Dec 20, 2024 - greptile.com
Daksh Gupta, co-founder of Greptile, discusses the challenges faced in reducing the number of comments generated by their AI code review bot, which initially overwhelmed developers with too many nitpicky remarks. The team explored various strategies to improve comment quality, including prompt engineering and using LLMs to judge comment severity, but these approaches failed to effectively reduce the number of unnecessary comments. They discovered that nits are subjective and vary between teams, making it difficult to establish a universal standard for comment severity.

Ultimately, Greptile found success by implementing a clustering approach. They generated vector embeddings of past comments and stored them in a vector database, allowing them to filter out comments similar to those that had been downvoted by developers.

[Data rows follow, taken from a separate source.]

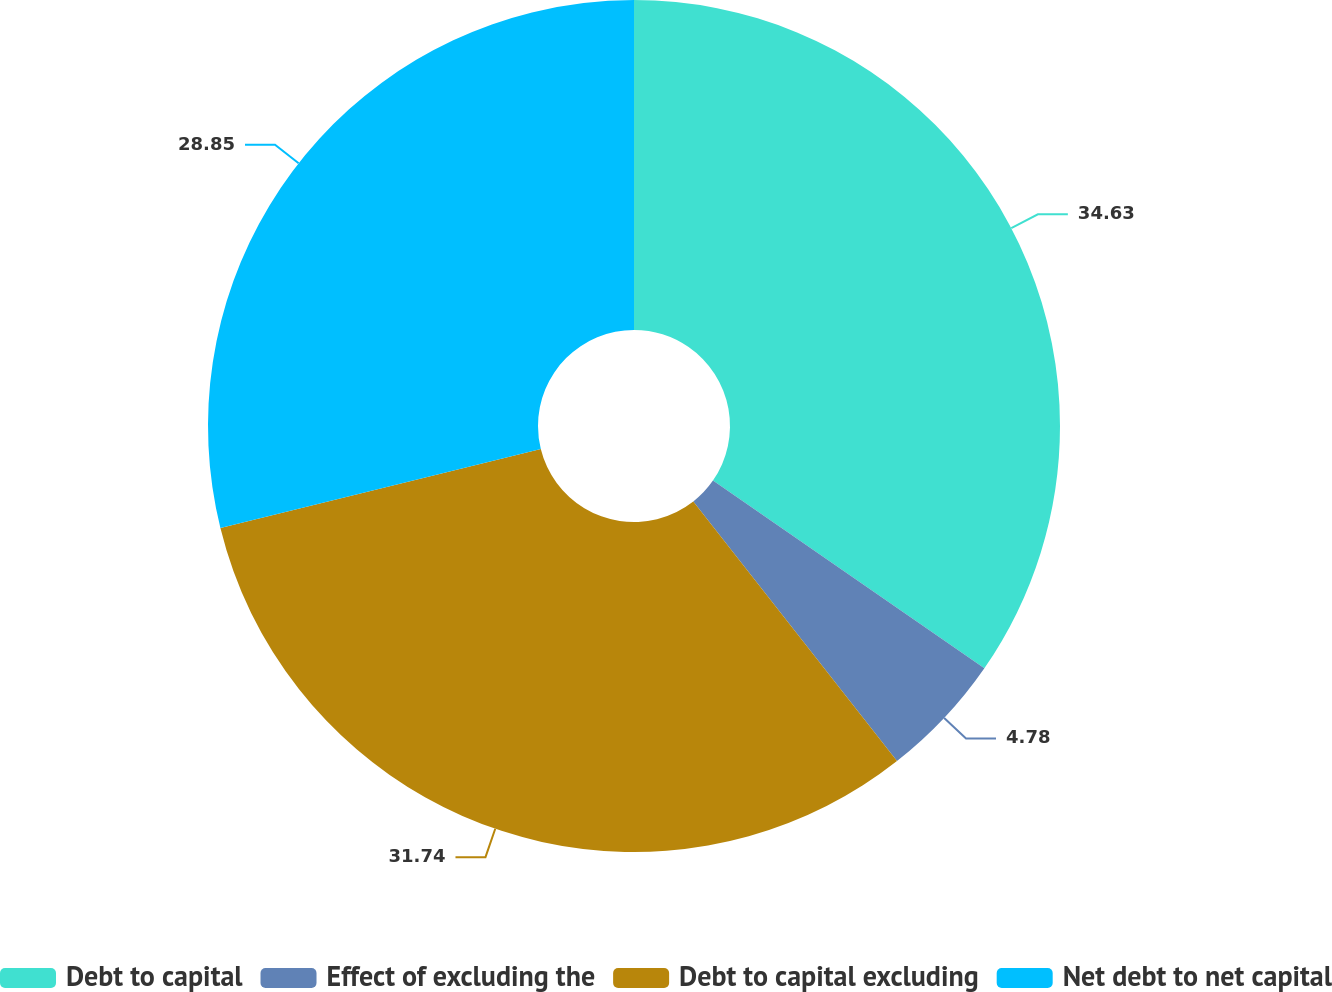Convert chart to OTSL. <chart><loc_0><loc_0><loc_500><loc_500><pie_chart><fcel>Debt to capital<fcel>Effect of excluding the<fcel>Debt to capital excluding<fcel>Net debt to net capital<nl><fcel>34.63%<fcel>4.78%<fcel>31.74%<fcel>28.85%<nl></chart> 
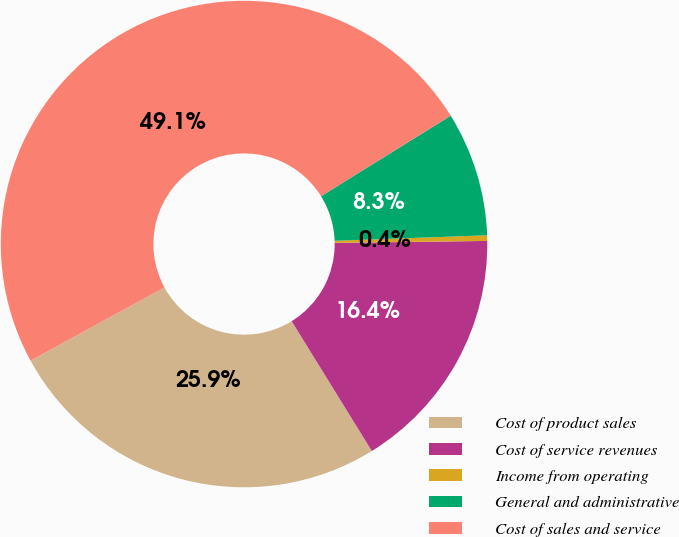<chart> <loc_0><loc_0><loc_500><loc_500><pie_chart><fcel>Cost of product sales<fcel>Cost of service revenues<fcel>Income from operating<fcel>General and administrative<fcel>Cost of sales and service<nl><fcel>25.85%<fcel>16.4%<fcel>0.37%<fcel>8.27%<fcel>49.11%<nl></chart> 
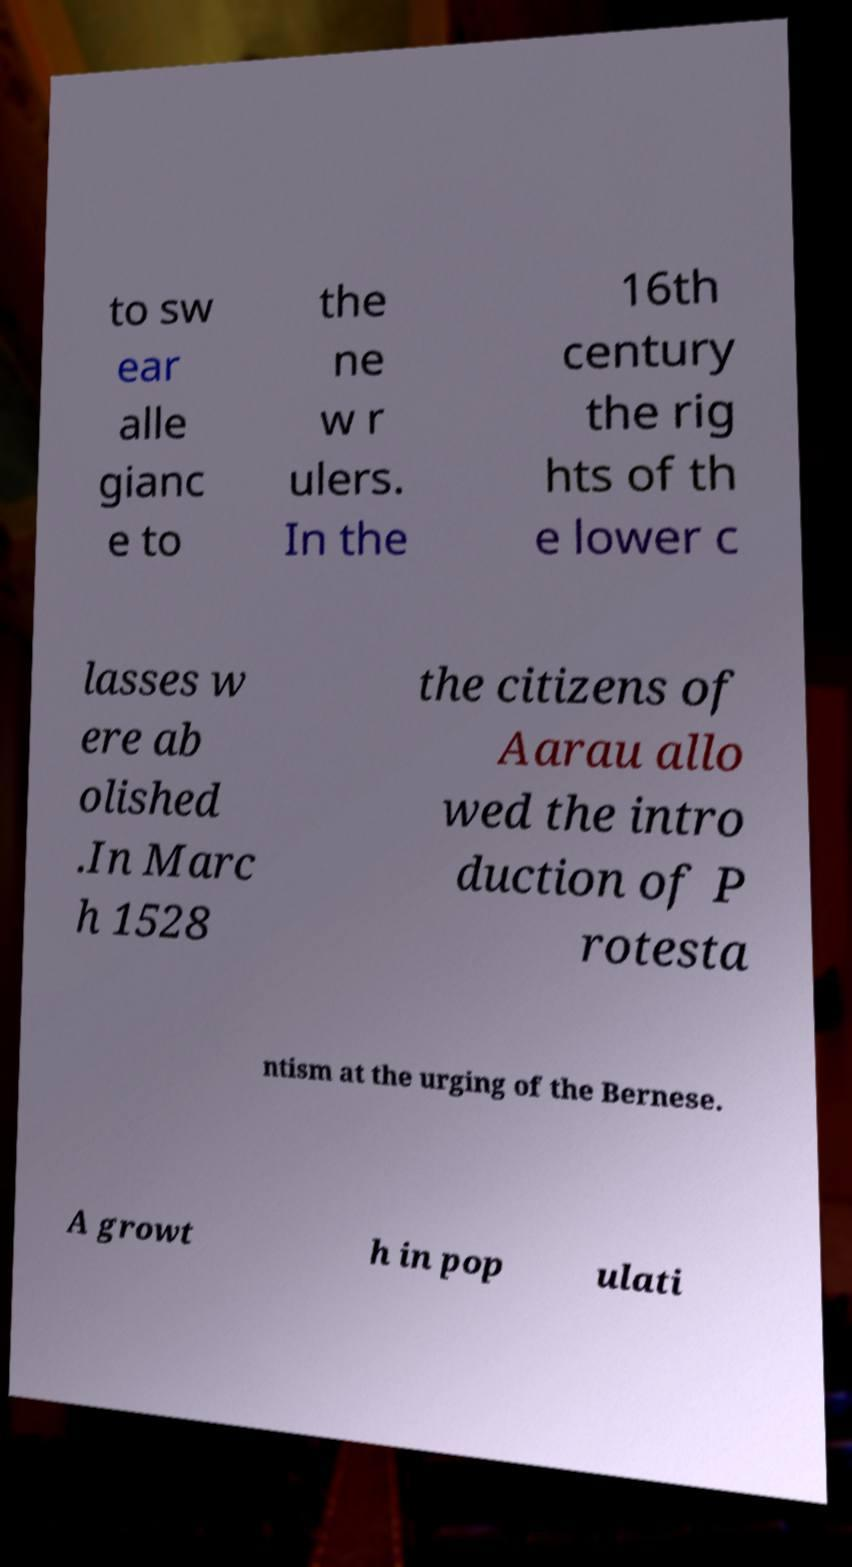Can you accurately transcribe the text from the provided image for me? to sw ear alle gianc e to the ne w r ulers. In the 16th century the rig hts of th e lower c lasses w ere ab olished .In Marc h 1528 the citizens of Aarau allo wed the intro duction of P rotesta ntism at the urging of the Bernese. A growt h in pop ulati

This method significantly improved the address rate of comments from 19% to over 55%, demonstrating a substantial reduction in noise. The clustering technique allowed the bot to learn and adapt to team-specific standards, proving to be the most effective solution in managing the LLM's output and enhancing the overall user experience.

Key takeaways:

  • Greptile initially faced issues with its AI code review bot generating too many comments, leading to user complaints and ignored feedback.
  • Attempts to reduce nit comments through prompt engineering and using LLMs as evaluators were unsuccessful.
  • The realization that nits are subjective led to the development of a clustering approach using vector embeddings to filter comments based on team-specific feedback.
  • The clustering method significantly improved the address rate of comments from 19% to over 55%, demonstrating its effectiveness in reducing noise.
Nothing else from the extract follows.